It was Kelly's criticism of Fonda for her anti-Vietnam activism four decades ago that got the nation riled up, but the thing that's somehow not come under much scrutiny, is whether or not Kelly's arguments about plastic surgery actually carry some merit.
In recent years, Fonda has been going out of her way to positively represent mature women in her roles. In Grace and Frankie's third season, Fonda and Lily Tomlin's characters are seen turning down a lucrative business opportunity because it would involve airbrushing their faces and bodies in promotional materials, and they want to look their own age.
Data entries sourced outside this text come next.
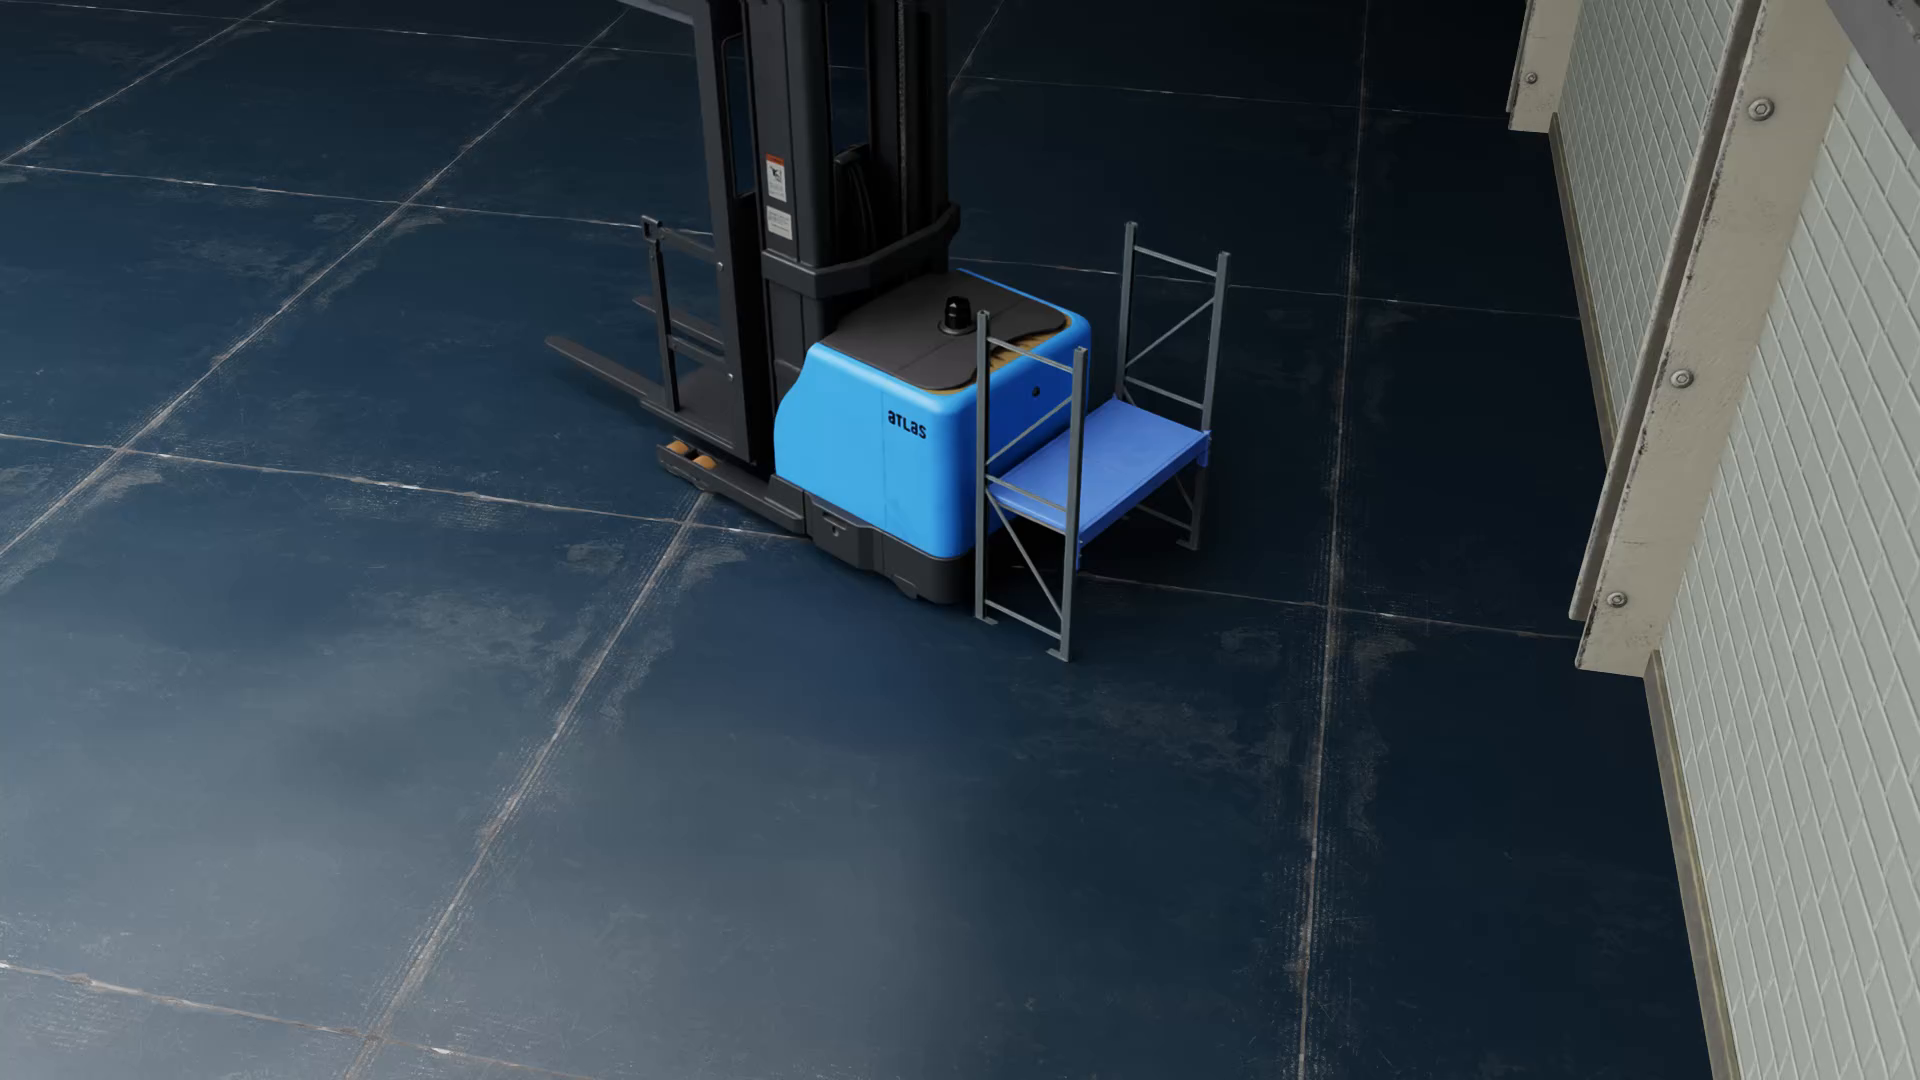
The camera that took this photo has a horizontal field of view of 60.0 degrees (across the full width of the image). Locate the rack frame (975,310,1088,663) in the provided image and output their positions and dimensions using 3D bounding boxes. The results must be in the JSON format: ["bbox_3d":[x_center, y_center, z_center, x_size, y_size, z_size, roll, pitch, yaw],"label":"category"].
[{"bbox_3d":[0.271,-0.185,6.727,0.500,1.500,0.032,25,43,30],"label":"rack frame"}]

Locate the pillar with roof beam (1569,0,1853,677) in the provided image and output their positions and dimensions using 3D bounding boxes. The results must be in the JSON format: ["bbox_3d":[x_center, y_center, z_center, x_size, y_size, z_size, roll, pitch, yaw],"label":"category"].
[{"bbox_3d":[-1.418,-3.737,5.239,9.100,9.000,0.400,7,37,10],"label":"pillar with roof beam"}]

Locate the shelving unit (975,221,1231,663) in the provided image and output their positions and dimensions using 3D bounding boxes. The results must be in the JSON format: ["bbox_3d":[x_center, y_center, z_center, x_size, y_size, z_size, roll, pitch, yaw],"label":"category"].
[{"bbox_3d":[0.589,-0.417,7.048,0.538,1.500,1.048,25,43,30],"label":"shelving unit"}]

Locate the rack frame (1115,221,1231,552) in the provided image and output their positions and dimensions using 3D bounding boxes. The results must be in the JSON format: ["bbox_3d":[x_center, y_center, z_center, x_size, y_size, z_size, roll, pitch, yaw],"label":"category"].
[{"bbox_3d":[0.907,-0.650,7.369,0.500,1.500,0.032,25,43,30],"label":"rack frame"}]

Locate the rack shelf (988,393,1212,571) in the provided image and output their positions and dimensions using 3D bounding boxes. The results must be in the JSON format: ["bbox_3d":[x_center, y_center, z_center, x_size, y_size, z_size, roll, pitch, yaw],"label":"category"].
[{"bbox_3d":[0.589,-0.272,7.153,0.538,0.185,1.000,25,43,30],"label":"rack shelf"}]

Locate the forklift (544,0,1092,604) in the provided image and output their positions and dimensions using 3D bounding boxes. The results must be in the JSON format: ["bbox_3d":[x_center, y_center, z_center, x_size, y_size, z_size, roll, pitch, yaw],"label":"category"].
[{"bbox_3d":[-0.852,-1.638,7.512,3.031,2.935,1.130,27,44,32],"label":"forklift"}]

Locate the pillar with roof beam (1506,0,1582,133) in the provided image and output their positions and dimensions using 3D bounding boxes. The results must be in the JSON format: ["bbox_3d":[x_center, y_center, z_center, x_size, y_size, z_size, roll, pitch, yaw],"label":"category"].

In Our Souls at Night, Fonda is seen taking control of her life in her twilight years, seeking out romance with her handsome neighbor, while rocking a grey hairdo that Fonda herself would probably never sport.
Kelly argued that: "For years, [Fonda] has spoken openly about her joy in giving a cultural face to older women. Well, the truth is, most older women look nothing like Fonda... If Fonda really wants to have a discussion about older women's cultural face, then her plastic surgery is tough to ignore."
Truthfully, on closer examination though, that's not really true. We, as a culture, ignore plastic surgery all the time -- especially when it's as well done as Fonda's. Going under the knife is standard practice for most celebrities past a certain age, because they exist in a profession where job opportunities are likely to disappear if they don't play the game. Fonda's entire career has been spent in an industry where only the thinnest and prettiest survive.
Fonda has done what she had to do to keep working, and yes, she looks amazing. But what Megyn Kelly seems to have forgotten is that Jane Fonda has always looked amazing. She is not an exceptional beauty at 80 because of surgery, she is an exceptional beauty at 80 because she started from a genetically blessed vantage point (see: literally any scene in Barbarella). She worked extremely hard to stay in optimum health her entire life, which is how she built her aerobics empire in the 1980s, and why she is still able to share new, expertly-curated workouts with the world.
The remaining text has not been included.